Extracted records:
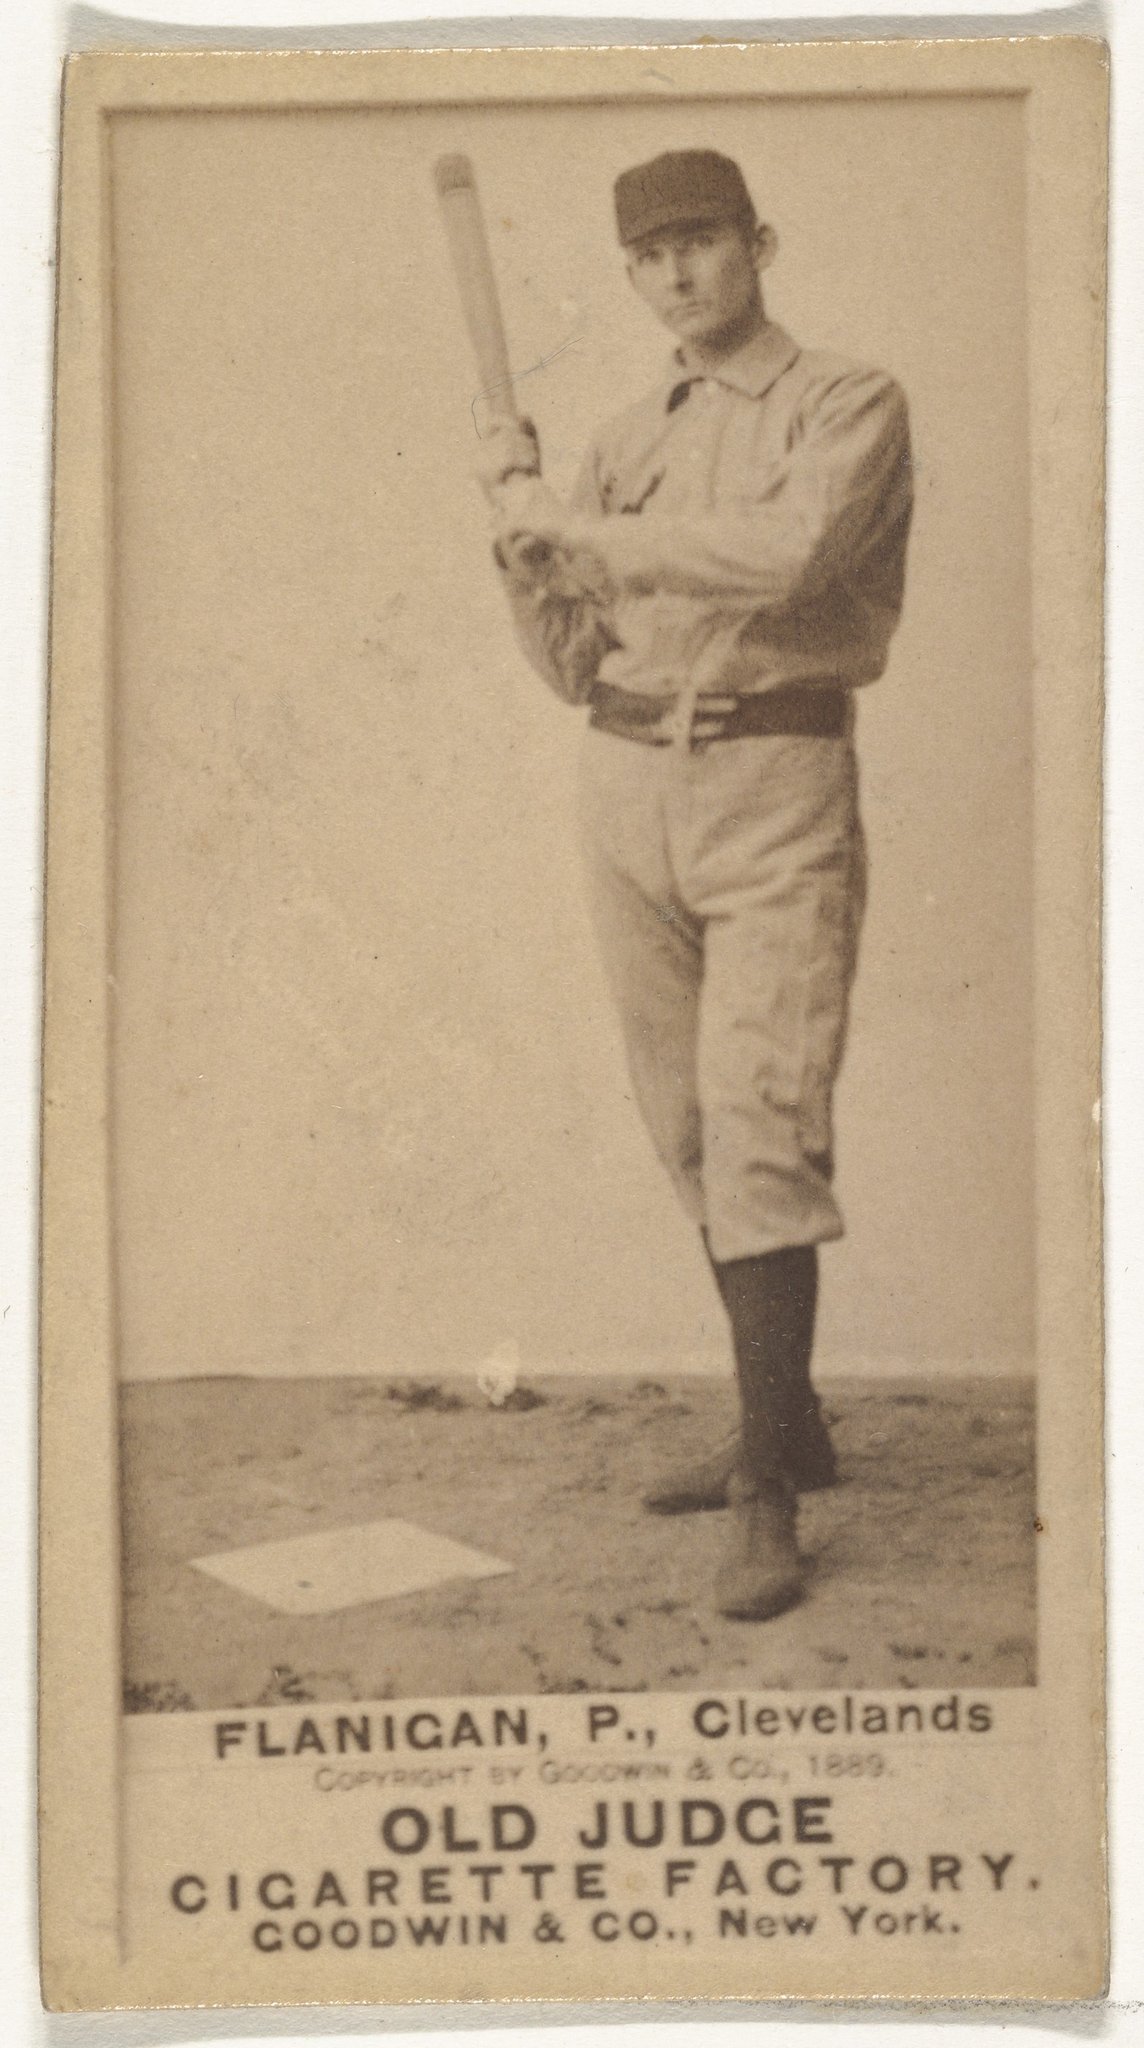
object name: baseball card, photograph
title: Flanigan, Pitcher, Cleveland, from the Old Judge series (N172) for Old Judge Cigarettes
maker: goodwin & company
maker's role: publisher
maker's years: 1850-1950
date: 1889
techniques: albumen silver print
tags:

#### Exercise:
Set the entries down exactly, but not the pictures.

#### Response area:
object name: baseball card, photograph
title: Flanigan, Pitcher, Cleveland, from the Old Judge series (N172) for Old Judge Cigarettes
maker: goodwin & company
maker's role: publisher
maker's years: 1850-1950
date: 1889
techniques: albumen silver print
tags:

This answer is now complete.